▶ **The task**
Print the records below exactly, from the line containing "The camera that" down to the line containing "For example (dummy", both lines included, and omit every picture.

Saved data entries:
^^^^^^^^
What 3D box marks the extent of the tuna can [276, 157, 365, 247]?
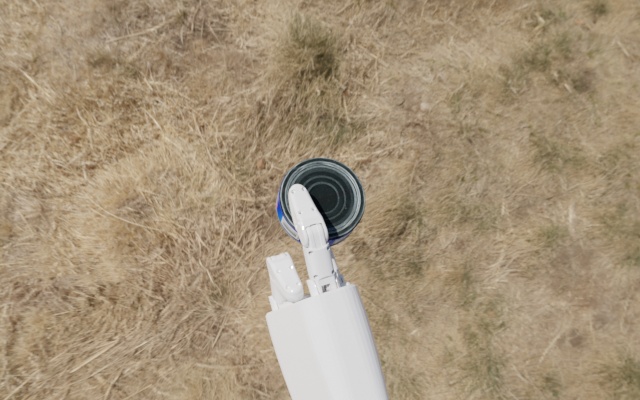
[{"bbox_3d":[0.000,0.001,0.469,0.086,0.086,0.034,0,-18,-10],"label":"tuna can"}]
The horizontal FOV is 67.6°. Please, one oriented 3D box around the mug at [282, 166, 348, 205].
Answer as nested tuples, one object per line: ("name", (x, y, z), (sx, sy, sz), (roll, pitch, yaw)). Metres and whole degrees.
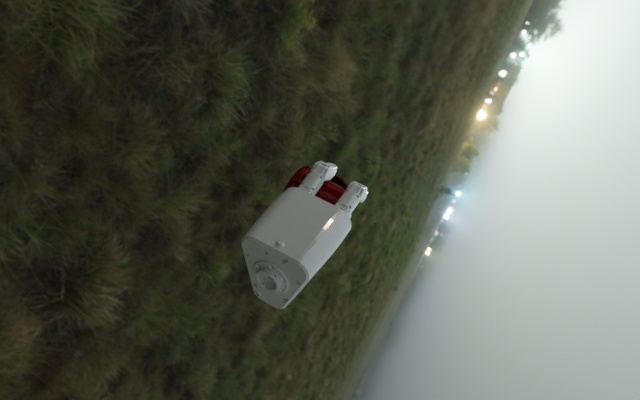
("mug", (0.001, 0.002, 0.695), (0.081, 0.093, 0.117), (28, 46, 14))
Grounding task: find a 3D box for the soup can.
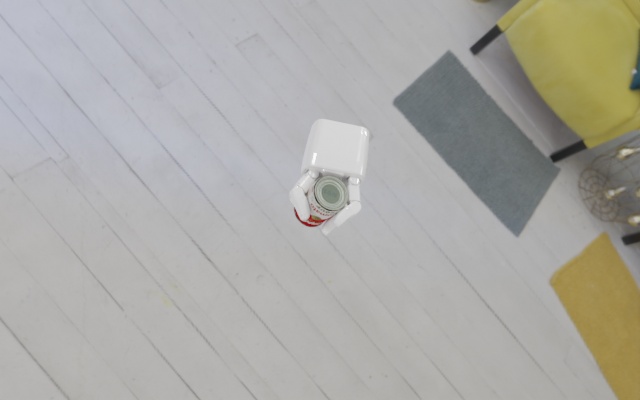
[{"bbox_3d":[0.000,0.003,0.874,0.068,0.068,0.102,0,-19,-24],"label":"soup can"}]
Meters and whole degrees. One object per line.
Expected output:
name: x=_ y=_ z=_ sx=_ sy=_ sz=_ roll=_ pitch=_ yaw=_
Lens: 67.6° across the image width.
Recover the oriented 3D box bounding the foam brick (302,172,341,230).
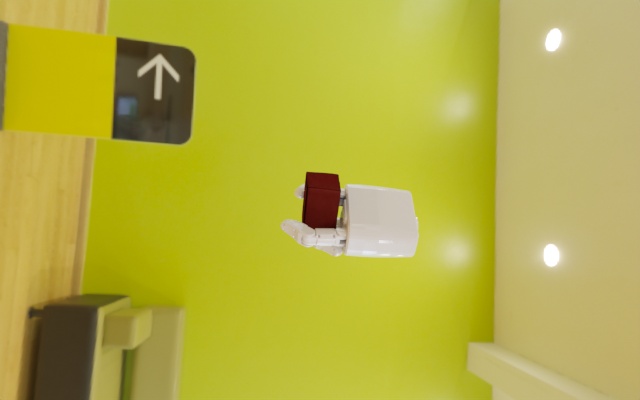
foam brick: x=0.000 y=0.002 z=0.719 sx=0.051 sy=0.078 sz=0.053 roll=4 pitch=31 yaw=-4
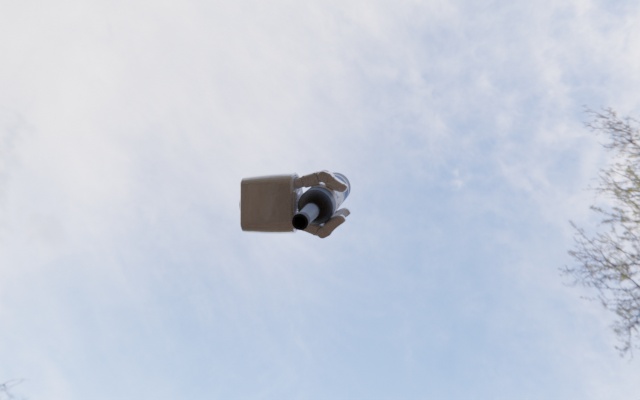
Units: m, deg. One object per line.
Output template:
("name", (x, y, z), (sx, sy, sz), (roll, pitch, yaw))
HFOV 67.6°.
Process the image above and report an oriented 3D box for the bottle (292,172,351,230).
("bottle", (0.000, 0.003, 0.894), (0.069, 0.069, 0.295), (0, 12, 13))
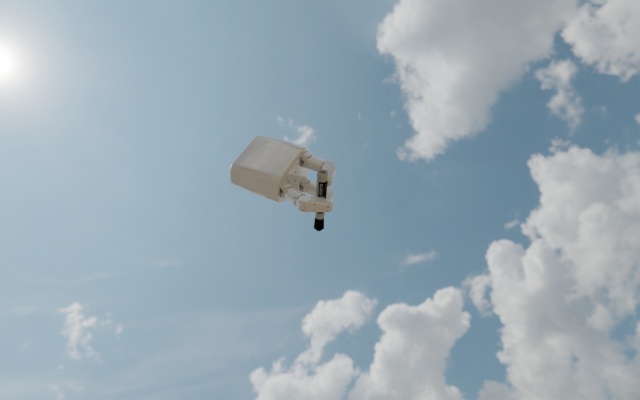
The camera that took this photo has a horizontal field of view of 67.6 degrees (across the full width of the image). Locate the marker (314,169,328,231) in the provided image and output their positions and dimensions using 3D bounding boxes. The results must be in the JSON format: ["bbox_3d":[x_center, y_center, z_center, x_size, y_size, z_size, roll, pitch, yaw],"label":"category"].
[{"bbox_3d":[0.000,0.003,0.822,0.020,0.121,0.020,3,34,-2],"label":"marker"}]
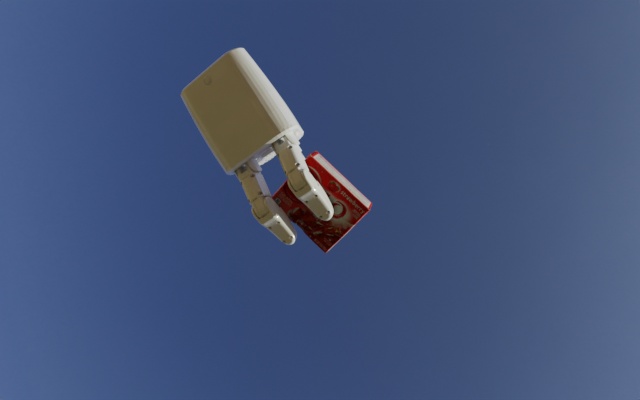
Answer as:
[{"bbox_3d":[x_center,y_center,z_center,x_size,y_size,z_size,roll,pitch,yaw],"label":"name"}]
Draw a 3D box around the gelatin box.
[{"bbox_3d":[0.000,0.002,0.529,0.073,0.089,0.030,-46,1,21],"label":"gelatin box"}]
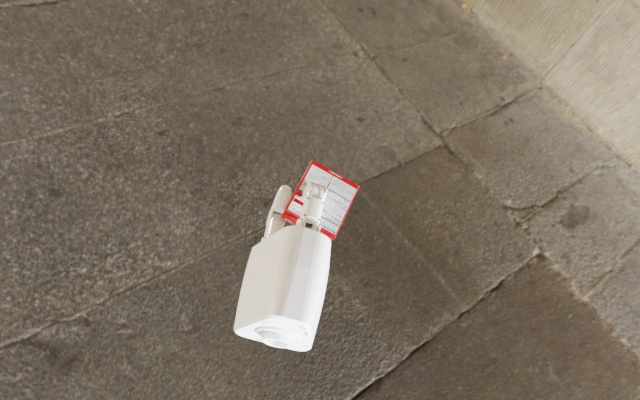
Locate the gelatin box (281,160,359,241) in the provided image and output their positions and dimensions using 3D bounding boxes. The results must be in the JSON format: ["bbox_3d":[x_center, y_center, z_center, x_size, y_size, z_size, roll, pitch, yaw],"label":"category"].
[{"bbox_3d":[0.000,0.002,0.626,0.073,0.089,0.030,29,-29,-3],"label":"gelatin box"}]
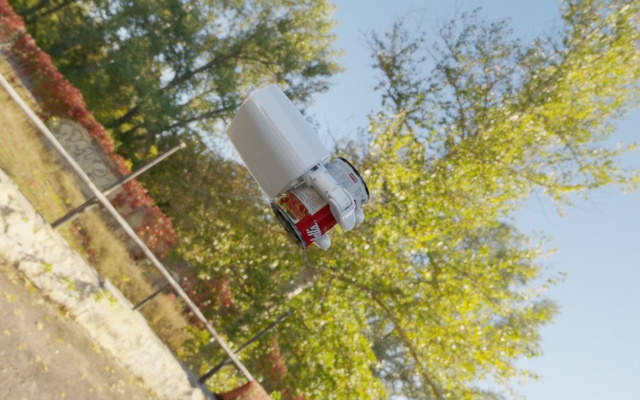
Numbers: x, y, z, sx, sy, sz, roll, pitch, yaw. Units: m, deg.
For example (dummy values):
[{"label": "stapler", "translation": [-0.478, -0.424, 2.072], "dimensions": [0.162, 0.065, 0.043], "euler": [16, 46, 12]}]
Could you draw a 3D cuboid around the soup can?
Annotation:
[{"label": "soup can", "translation": [0.001, 0.002, 0.578], "dimensions": [0.102, 0.068, 0.068], "euler": [-36, 9, -13]}]
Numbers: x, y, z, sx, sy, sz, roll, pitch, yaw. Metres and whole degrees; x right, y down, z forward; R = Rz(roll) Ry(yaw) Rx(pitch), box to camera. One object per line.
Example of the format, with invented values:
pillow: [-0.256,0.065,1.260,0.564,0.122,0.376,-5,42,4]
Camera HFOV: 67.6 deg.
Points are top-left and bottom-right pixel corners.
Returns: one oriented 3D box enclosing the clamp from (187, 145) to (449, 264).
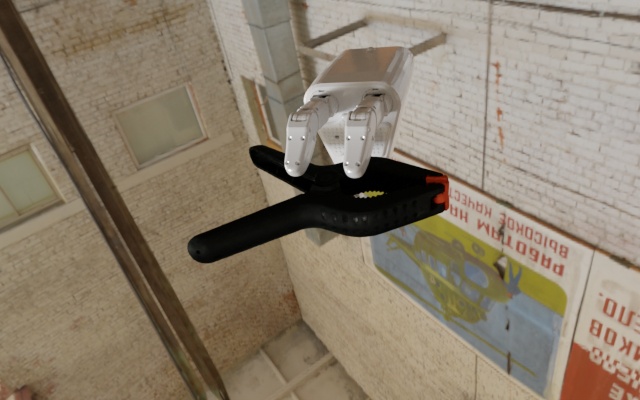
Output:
clamp: [0.001,0.002,0.410,0.210,0.036,0.164,3,38,21]
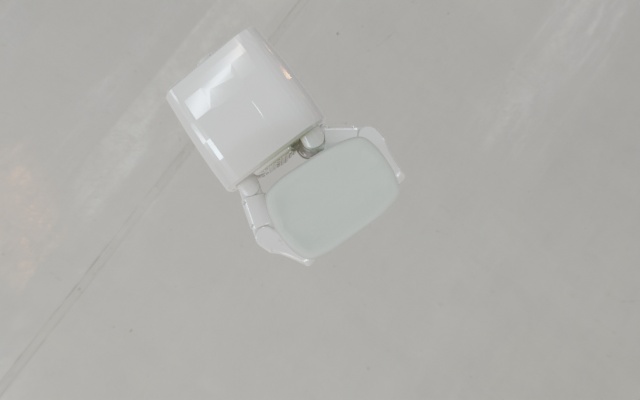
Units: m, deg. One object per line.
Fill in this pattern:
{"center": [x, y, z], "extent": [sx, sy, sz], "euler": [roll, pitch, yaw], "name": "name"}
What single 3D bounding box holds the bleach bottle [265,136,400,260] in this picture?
{"center": [0.000, 0.002, 0.473], "extent": [0.102, 0.068, 0.251], "euler": [-33, 1, -6], "name": "bleach bottle"}
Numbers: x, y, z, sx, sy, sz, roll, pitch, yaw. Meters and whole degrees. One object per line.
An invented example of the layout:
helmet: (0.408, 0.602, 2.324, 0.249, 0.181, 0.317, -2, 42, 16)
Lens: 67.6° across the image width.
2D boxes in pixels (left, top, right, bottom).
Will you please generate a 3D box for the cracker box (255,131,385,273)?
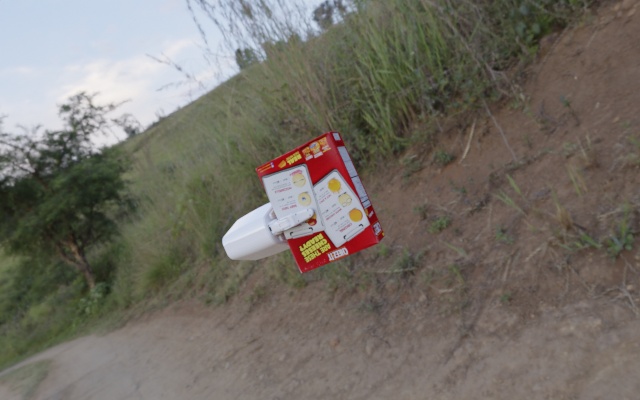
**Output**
cracker box: (0.000, 0.003, 0.879, 0.164, 0.213, 0.072, -24, 0, 22)
^^^^^^^^
▶ **Response**
The camera that took this photo has a horizontal field of view of 67.6 degrees (across the full width of the image). Locate the marker (314,169,328,231) in the provided image and output their positions and dimensions using 3D bounding boxes. The results must be in the JSON format: ["bbox_3d":[x_center, y_center, z_center, x_size, y_size, z_size, roll, pitch, yaw],"label":"category"].
[{"bbox_3d":[0.000,0.003,0.822,0.020,0.121,0.020,3,34,-2],"label":"marker"}]
Answer as:
[{"bbox_3d":[x_center,y_center,z_center,x_size,y_size,z_size,roll,pitch,yaw],"label":"name"}]
Draw a 3D box around the gelatin box.
[{"bbox_3d":[0.000,0.002,0.529,0.073,0.089,0.030,-46,1,21],"label":"gelatin box"}]
Locate the gelatin box (281,160,359,241) in the provided image and output their positions and dimensions using 3D bounding boxes. The results must be in the JSON format: ["bbox_3d":[x_center, y_center, z_center, x_size, y_size, z_size, roll, pitch, yaw],"label":"category"].
[{"bbox_3d":[0.000,0.002,0.626,0.073,0.089,0.030,29,-29,-3],"label":"gelatin box"}]
Numbers: x, y, z, sx, sy, sz, roll, pitch, yaw. Units: m, deg.
For example (dummy values):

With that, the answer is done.